Wenn es um Videospielnischen geht, ist im Westen wohl kaum etwas exotischer als Strategie-RPGs, die Vertreter des Rollenspielgenres, die euch gerne auf schachbrettartige Felder schicken, in denen ihr Runde um Runde in taktisch meist hoch anspruchsvollen Gefechten eure Figuren zieht. In Japan hingegen ist das Genre vergleichsweise populär, weswegen schon alte Konsolen nicht ohne auskamen: Nintendo hatte die Fire-Emblem-Reihe, für Sega-Fans gab es Shining Force und mittlerweile gibt es dutzende Vertreter für alle wichtigen Konsolen, zurzeit wohl am bekanntesten in Form von Disgaea, ohne jemals im Westen aus der Nische zu brechen. Das Genre ist so klein, dass Nintendo sogar den Entwicklern von Fire Emblem ein Ultimatum stellte im Bezug auf die Verkaufszahlen. Unter diesem Druck ist mit Fire Emblem: Awakening wohl einer der einsteigerfreundlichsten Vertreter des Genres entstanden -- und das ohne für Profis unattraktiv zu werden.

Aber fangen wir beim Anfang an: eure Figur, die frei erstellt werden kann, wacht mit Amnesie auf einer Wiese auf, wo ihr von Chrom, seines Zeichens Prinz des friedliebenden Landes Ylisse, geweckt werdet.

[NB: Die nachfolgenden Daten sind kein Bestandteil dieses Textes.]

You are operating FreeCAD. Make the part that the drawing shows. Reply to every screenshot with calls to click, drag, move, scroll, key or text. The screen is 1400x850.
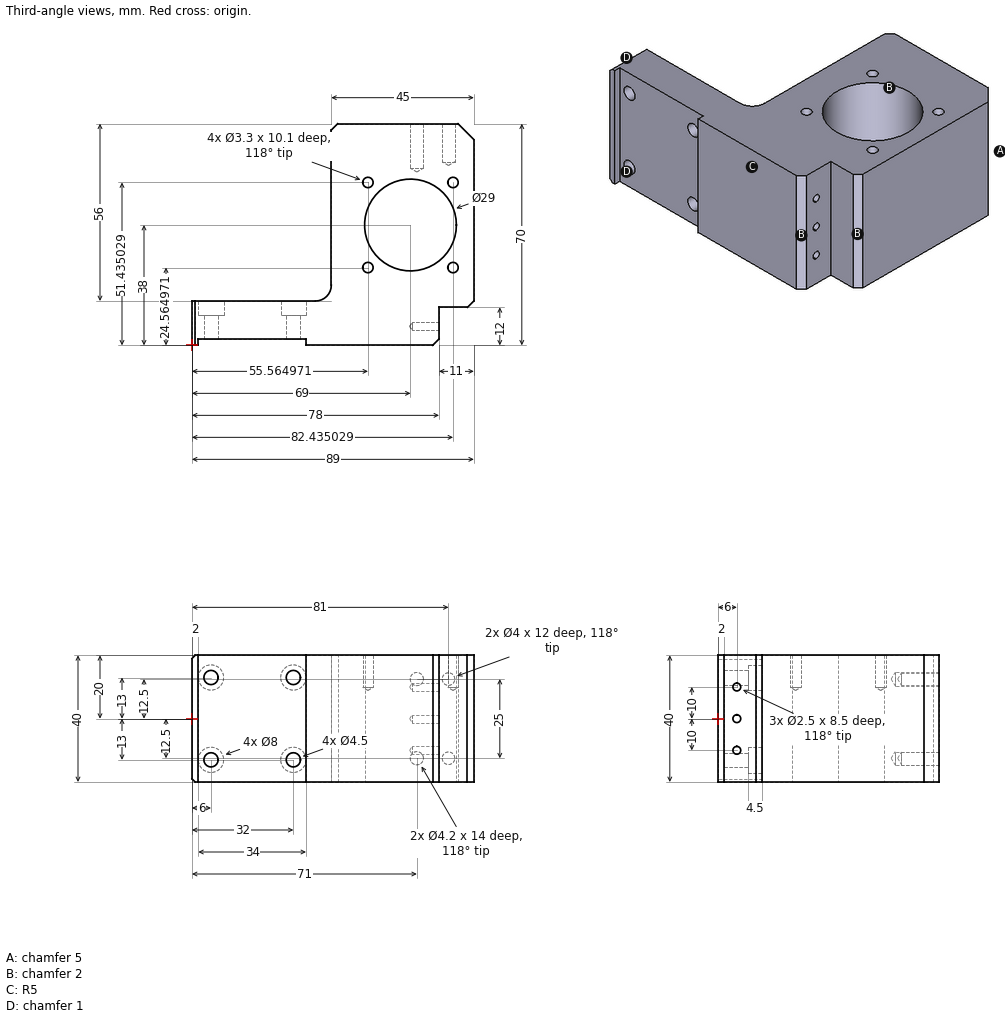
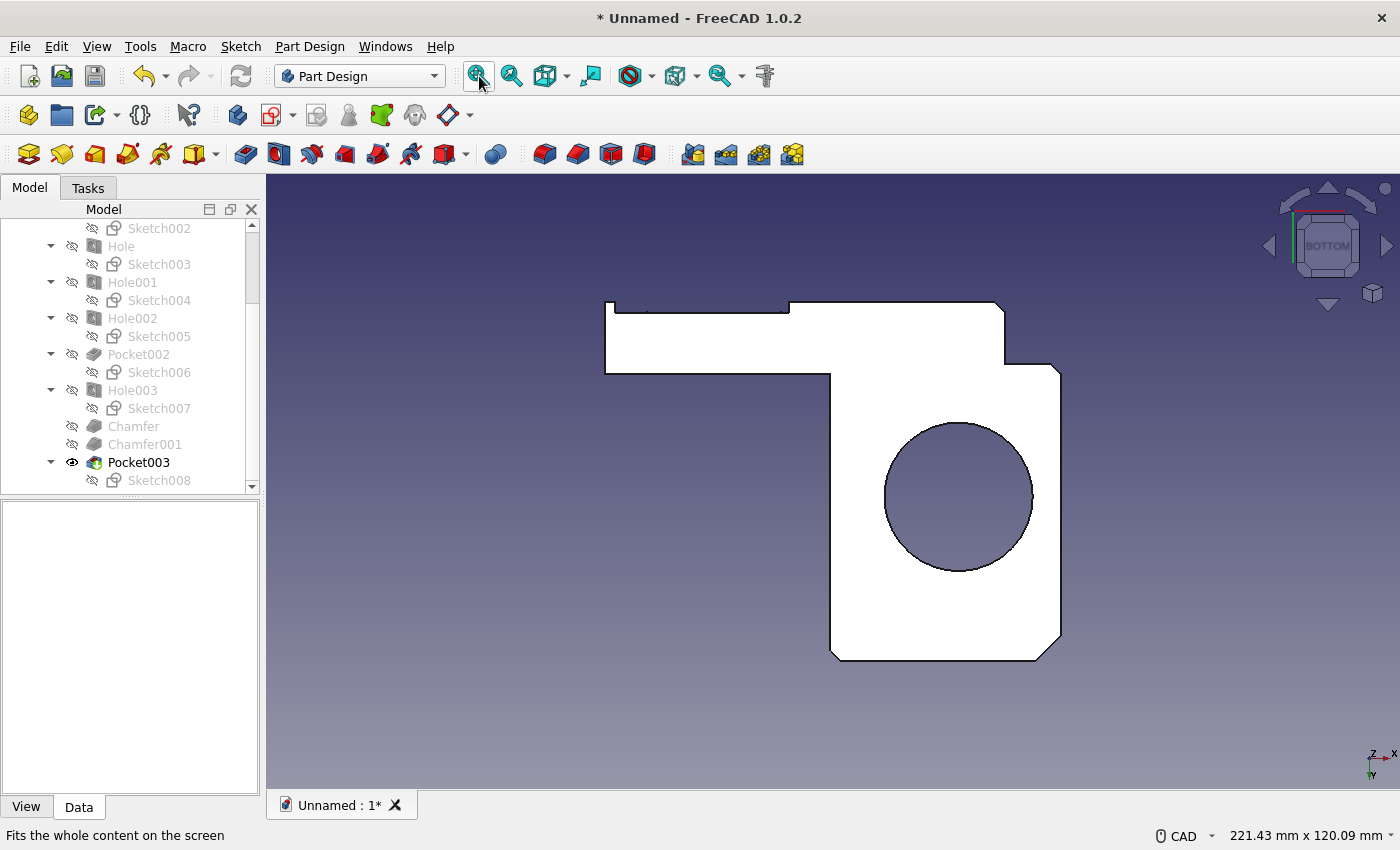
key(4)

Da ihr euch als brillanter Taktiker herausstellt, rekrutiert euch der junge Prinz für seine Armee, wo ihr eurer mysteriösen Vergangenheit auf die Schliche kommt und gleichzeitig helft, Ylisse gegen Bedrohungen aus anderen Ländern zu verteidigen. Das klingt etwas einfallslos und leider wird der Plot, nach einem ganz angenehmen Anfang, ziemlich schnell vorhersehbar. Das macht die Geschichte nicht schlecht, aber gleichzeitig fehlen die ganz großen Überraschungen, um euch wirklich mitzureißen. Schade ist auch, dass manche der billigsten Tricks in der Videospielkiste ausgepackt werden. An einem sehr wichtigen Punkt in der Geschichte darf man zum Beispiel selbst über das Schicksal einer Figur entscheiden, nur um festzustellen, dass die eigene Entscheidung komplett irrelevant ist.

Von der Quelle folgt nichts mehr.